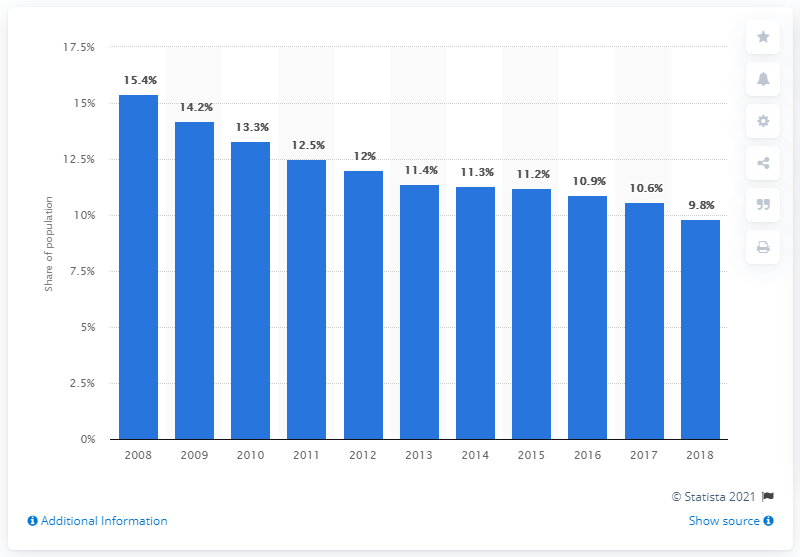Point out several critical features in this image. In 2018, the poverty headcount ratio at national poverty lines in Indonesia was 9.8. 
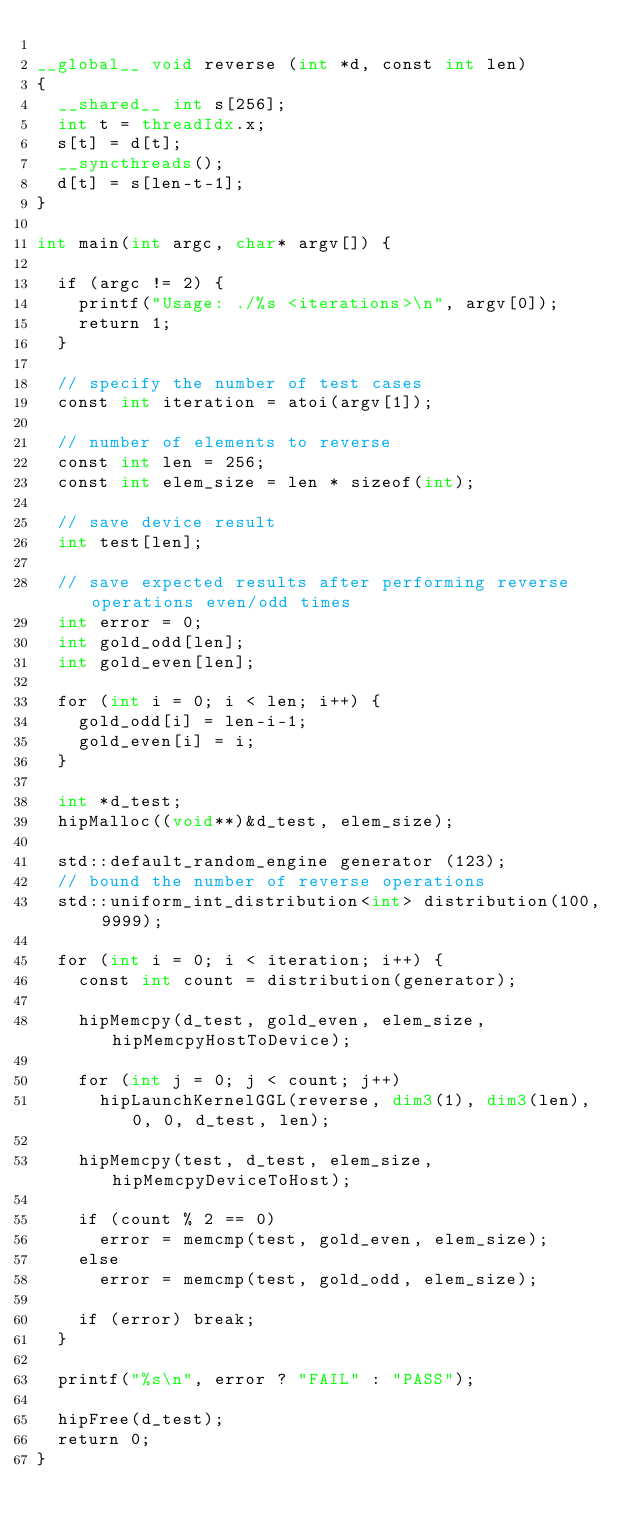<code> <loc_0><loc_0><loc_500><loc_500><_Cuda_>
__global__ void reverse (int *d, const int len)
{
  __shared__ int s[256];
  int t = threadIdx.x;
  s[t] = d[t];
  __syncthreads();
  d[t] = s[len-t-1];
}

int main(int argc, char* argv[]) {

  if (argc != 2) {
    printf("Usage: ./%s <iterations>\n", argv[0]);
    return 1;
  }

  // specify the number of test cases
  const int iteration = atoi(argv[1]);

  // number of elements to reverse
  const int len = 256;
  const int elem_size = len * sizeof(int);

  // save device result
  int test[len];

  // save expected results after performing reverse operations even/odd times
  int error = 0;
  int gold_odd[len];
  int gold_even[len];

  for (int i = 0; i < len; i++) {
    gold_odd[i] = len-i-1;
    gold_even[i] = i;
  }

  int *d_test;
  hipMalloc((void**)&d_test, elem_size);

  std::default_random_engine generator (123);
  // bound the number of reverse operations
  std::uniform_int_distribution<int> distribution(100, 9999);

  for (int i = 0; i < iteration; i++) {
    const int count = distribution(generator);

    hipMemcpy(d_test, gold_even, elem_size, hipMemcpyHostToDevice);

    for (int j = 0; j < count; j++)
      hipLaunchKernelGGL(reverse, dim3(1), dim3(len), 0, 0, d_test, len);

    hipMemcpy(test, d_test, elem_size, hipMemcpyDeviceToHost);

    if (count % 2 == 0)
      error = memcmp(test, gold_even, elem_size);
    else
      error = memcmp(test, gold_odd, elem_size);
    
    if (error) break;
  }
  
  printf("%s\n", error ? "FAIL" : "PASS");

  hipFree(d_test);
  return 0;
}
</code> 
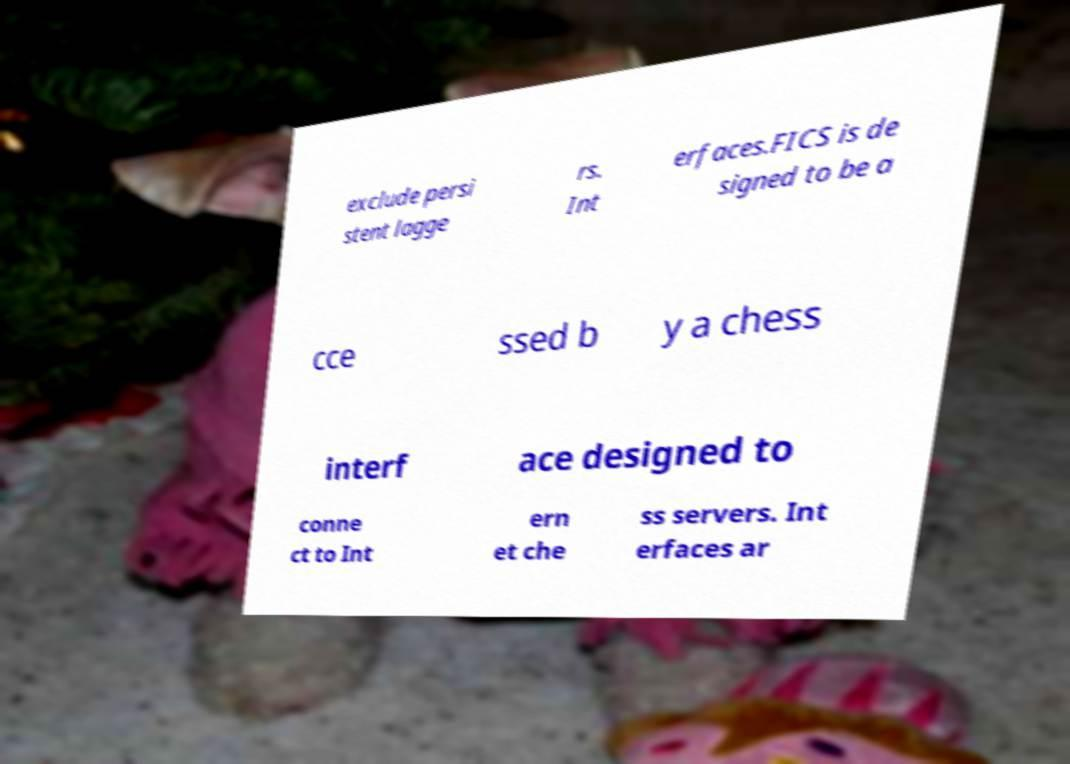Can you accurately transcribe the text from the provided image for me? exclude persi stent lagge rs. Int erfaces.FICS is de signed to be a cce ssed b y a chess interf ace designed to conne ct to Int ern et che ss servers. Int erfaces ar 
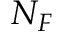<formula> <loc_0><loc_0><loc_500><loc_500>N _ { F }</formula>

◆ ◆ ◆

◆ **Problem description**: With the pictures omitted, set down each line exactly, starting at the first line of the records above and ending with the line that contains "if (argc != 2)".

◆ **Completed exercise**:
Point out several critical features in this image. In 2018, the poverty headcount ratio at national poverty lines in Indonesia was 9.8. 
<code> <loc_0><loc_0><loc_500><loc_500><_Cuda_>
__global__ void reverse (int *d, const int len)
{
  __shared__ int s[256];
  int t = threadIdx.x;
  s[t] = d[t];
  __syncthreads();
  d[t] = s[len-t-1];
}

int main(int argc, char* argv[]) {

  if (argc != 2) {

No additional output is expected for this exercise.